Why THIS Blog

This Blog is designed to be a virtual retreat with daily reflections geared toward the public as well as specifically for the community of women at Church of Mary Magdalene / Mary's Place for homeless women. It is a site that pulls from the words of the women themselves on what they would like in a retreat if they could go somewhere else for a time. In this retreat we will do some globe trotting, based solely on my own travels as a spiritual director who enjoys volunteering for Mary's. All are welcome on our journey, in this era of financial woes there are many who need retreat and are unable to afford to travel. I hope this proves to be one more source of unending gift of spiritual retreat for renewal of life: mind-body-spirit!

Monday, August 22, 2011

"I can't help it, I was drawn that way"


This is one of my favorite lines from the greatly amusing movie “Who Framed Roger Rabbit,” in response to a comment on her amazing body. To have a great figure is a blessing and a curse and this line seems to say it all in such a sassy way, perfect for the cartoon character. In real life we all have bodies that come in different shapes and sizes, and we move them in different manners that reflect more our family lineage than even the forms of others in our family. I move similarly to my mother, with the added bonus of a slight swing of a leg that is slightly longer than the other due to a sports injury, the result is comically sexy at times…I can’t help it, it is the result of my parentage and life experience.

When my daughter was all of 5 we were walking to school with our friends when the other mom made a comment on her “swing,” she walks like me without the benefit of injury, she walks with a wiggle. My friend from high school summed it up this way at one time: I’d like to have a swing like that in my back yard, can I have some fries with that shake, and you have a fine swing, who is your batting coach? This is the source of much fun, much razzing by friends, and often makes life unfold in ways that seem to contradict the very people we are. For me a person who has led a religious life, for my daughter one who espouses ideals of feminism, and still we have the walk created by the history and experience of the life we were born into.

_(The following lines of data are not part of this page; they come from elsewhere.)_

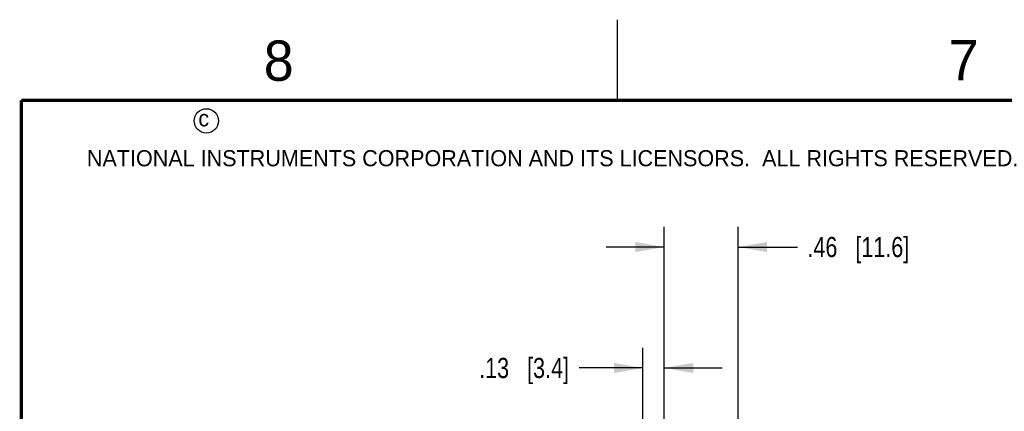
# Model space of a CAD drawing. Header units: inches. Extents: x 0 to 34, y 0 to 22.
# Tile 9 of 84: x 0.5 to 6.6, y 19.6 to 22. Entities that reach past the tile are written whole.
import ezdxf

# ---------------------------------------------------------------- set-up
doc = ezdxf.new("R2010")
doc.units = ezdxf.units.IN
doc.header["$LTSCALE"] = 1.87
doc.header["$MEASUREMENT"] = 0
doc.layers.get('0').update_dxf_attribs({"linetype": 'CONTINUOUS'})
doc.layers.add('DIMENSIONS', color=7, linetype='CONTINUOUS')
doc.styles.get("Standard").update_dxf_attribs({"font": 'txt', "width": 0.8})
doc.styles.add('TEXTSTYLE_2', font='txt')
doc.dimstyles.new('DIMSTYLE_2', dxfattribs={"dimtxt": 0.125, "dimasz": 0.18, "dimexe": 0.125, "dimexo": 0.0625, "dimgap": 0.0625, "dimtad": 0, "dimtih": 1, "dimtoh": 1, "dimzin": 4, "dimdsep": 46, "dimtxsty": 'STANDARD', "dimblk": '_FILLED', "dimblk1": '_FILLED', "dimblk2": '_FILLED', "dimcen": 0.09, "dimadec": 0, "dimazin": 0, "dimtp": 0.001, "dimtm": 0.001, "dimtfac": 1, "dimtofl": 0, "dimtmove": 0, "dimatfit": 3, "dimldrblk": '_FILLED', "dimfxl": 1, "dimtolj": 1, "dimtzin": 4, "dimarcsym": 0})

# ---------------------------------------------------------------- blocks, each defined once
blk = doc.blocks.new('_FILLED')
at = {"color": 0, "linetype": 'BYBLOCK'}
blk.add_solid([(0, 0), (-1, 0.174), (-1, -0.174)], dxfattribs=at)
blk = doc.blocks.new('*D19')
at = {"layer": 'DIMENSIONS', "color": 2, "linetype": 'CONTINUOUS'}
for p, q in [((4.3585, 19.103), (4.3585, 19.9655)), ((4.4905, 19.21), (4.4905, 19.9655)), ((4.3585, 19.8405), (3.9617, 19.8405)), ((4.4905, 19.8405), (4.8505, 19.8405))]:
    blk.add_line(p, q, dxfattribs=at)
at = {"layer": 'DIMENSIONS', "color": 2, "linetype": 'CONTINUOUS', "xscale": 0.18, "yscale": 0.18, "zscale": 0.18}
blk.add_blockref('_FILLED', (4.3585, 19.8405), dxfattribs=at)
at = {"layer": 'DIMENSIONS', "color": 2, "linetype": 'CONTINUOUS', "xscale": 0.18, "yscale": 0.18, "zscale": 0.18, "rotation": 180}
blk.add_blockref('_FILLED', (4.4905, 19.8405), dxfattribs=at)
at = {"layer": 'DIMENSIONS', "color": 2, "linetype": 'CONTINUOUS', "insert": (3.8992, 19.903), "char_height": 0.125, "width": 0.925, "attachment_point": 3, "line_spacing_factor": 0.9}
blk.add_mtext('.13{\\Ftxt.shx;\\W1.000000;\\H0.125000; }[3.4]', dxfattribs=at)
blk = doc.blocks.new('*D20')
at = {"layer": 'DIMENSIONS', "color": 2, "linetype": 'CONTINUOUS'}
for p, q in [((4.4905, 19.21), (4.4905, 20.7155)), ((4.9485, 15.338), (4.9485, 20.7155)), ((4.4905, 20.5905), (4.1305, 20.5905)), ((4.9485, 20.5905), (5.3165, 20.5905))]:
    blk.add_line(p, q, dxfattribs=at)
at = {"layer": 'DIMENSIONS', "color": 2, "linetype": 'CONTINUOUS', "xscale": 0.18, "yscale": 0.18, "zscale": 0.18}
blk.add_blockref('_FILLED', (4.4905, 20.5905), dxfattribs=at)
at = {"layer": 'DIMENSIONS', "color": 2, "linetype": 'CONTINUOUS', "xscale": 0.18, "yscale": 0.18, "zscale": 0.18, "rotation": 180}
blk.add_blockref('_FILLED', (4.9485, 20.5905), dxfattribs=at)
at = {"layer": 'DIMENSIONS', "color": 2, "linetype": 'CONTINUOUS', "insert": (5.379, 20.653), "char_height": 0.125, "width": 1.025, "attachment_point": 1, "line_spacing_factor": 0.9}
blk.add_mtext('.46{\\Ftxt.shx;\\W1.000000;\\H0.125000; }[11.6]', dxfattribs=at)

msp = doc.modelspace()

# ---------------------------------------------------------------- linework, layer by layer
at = {"color": 2, "linetype": 'CONTINUOUS'}
msp.add_line((4.2, 21.5), (4.2, 22), dxfattribs=at)
at = {"color": 7, "linetype": 'CONTINUOUS', "const_width": 0.02}
for points in [[(0.5, 21.5), (0.5, 0.5)], [(33.5, 21.5), (0.5, 21.5)]]:
    msp.add_lwpolyline(points, dxfattribs=at)
at = {"color": 2, "linetype": 'CONTINUOUS'}
msp.add_circle((1.6484, 21.3727), 0.0754, dxfattribs=at)

# ---------------------------------------------------------------- texts
at = {"color": 2, "linetype": 'CONTINUOUS', "attachment_point": 1, "line_spacing_factor": 0.9, "style": 'TEXTSTYLE_2'}
for s, insert, char_height, width in [('8', (2.0046, 21.8713), 0.25, 0.25), ('7', (6.2556, 21.8743), 0.25, 0.25), ('c', (1.599, 21.4388), 0.1, 0.1), ('NATIONAL INSTRUMENTS CORPORATION AND ITS LICENSORS.  ALL RIGHTS RESERVED.', (0.9071, 21.1911), 0.1, 7.3)]:
    msp.add_mtext(s, dxfattribs=dict(at, insert=insert, char_height=char_height, width=width))

# ---------------------------------------------------------------- dimensions: what is measured, and where the dimension line sits
at = {"layer": 'DIMENSIONS', "color": 2, "linetype": 'CONTINUOUS'}
dim = msp.add_linear_dim(base=(4.9485, 20.5905), p1=(4.4905, 19.1475), p2=(4.9485, 15.2755), dimstyle='DIMSTYLE_2', dxfattribs=at)
dim.commit()
dim.dimension.update_dxf_attribs({"geometry": '*D20', "text_midpoint": (5.8915, 20.5905), "dimtype": 160})
dim = msp.add_linear_dim(base=(4.3585, 19.8405), p1=(4.4905, 19.1475), p2=(4.3585, 19.0405), angle=180, dimstyle='DIMSTYLE_2', dxfattribs=at)
dim.commit()
dim.dimension.update_dxf_attribs({"geometry": '*D19', "text_midpoint": (3.4367, 19.8405), "dimtype": 160})

doc.saveas('drawing.dxf')

Take it one step further and there is the gift of being “drawn” by our creator God with curvy figures that people seem to idealize, but the reality is it is often a greater curse. I remember the final interview through the ministry candidacy process when a sweet well-meaning woman said she could finally approve my candidacy because I looked like a pastor, I was wearing a shapeless vintage suit from Pendleton Woolens of the 1960s. To be professional in the church was to look asexual, once that was accomplished I was ready to serve God. To have the figure of Marilyn Monroe I found was not helpful in a life of the religious, for this one person it meant an extra year and lots of fabric to overcome. The creator draws me one way, and well meaning people want it another way.

With the curves, and with the walk I could feel doomed, for this was only the start of some misadventures in the church regarding my appearance. It takes longer for people to take me seriously, but then why should I take it all so seriously? How to use all that I am to render creative mischief seems in due course now. There have been tragic beauties throughout history, such as Marilyn, who have felt doomed by the response to their figures and forms, but why should I? Especially when it infinitely more fun to play it up to the hilt, render surprise on people in fun ways that cause no harm, but in fact reflect the glory of God. My last memorial service as a pastor serving the UMC was for a biker, it was decided by the family that the look was not tragic black, but biker black. It was great joy for me to hear during the sharing of stories in the memorial service that the "Red is looking down from heaven with joy to have a "hot" pastor" (presiding in boots, tights and short dress).

This week I had the great joy to dance two evenings under the stars, in the beautiful park here in Italy. Here too there is an expectation of how a person who is religious is to be, but less so on my figure and appearance than how to act. I was advised on how to respond if my dance partners were too fresh, because it was bad behavior that was frowned upon. Not only did I get advice, but my friends were there to watch over me like hawks. To dance with enthusiasm while people who cared ensured my safety was a gift. Sure, a few teasing voices about this crazy fun, but dang I felt like David dancing in his ephod with joy before God, and isn’t that just sacred and special!?!?!? To not only have time of great enjoyment, but to have friends who support the wholeness of who we are?

I find that to live fully in my "design" of God life requires a sacred sassyness: intelligence + humor + sexy = sassy, when combined with spiritual it is the depth of sensual for me, sensing all my createdness. To honor the creator who put me in this body, in this soul, with my life experiences and education informing my being is to live a sacred life!

How do you honor the fullness of how God has formed you?
How do you live into your creation with enthusiasm with awe for a God who creates us all unique?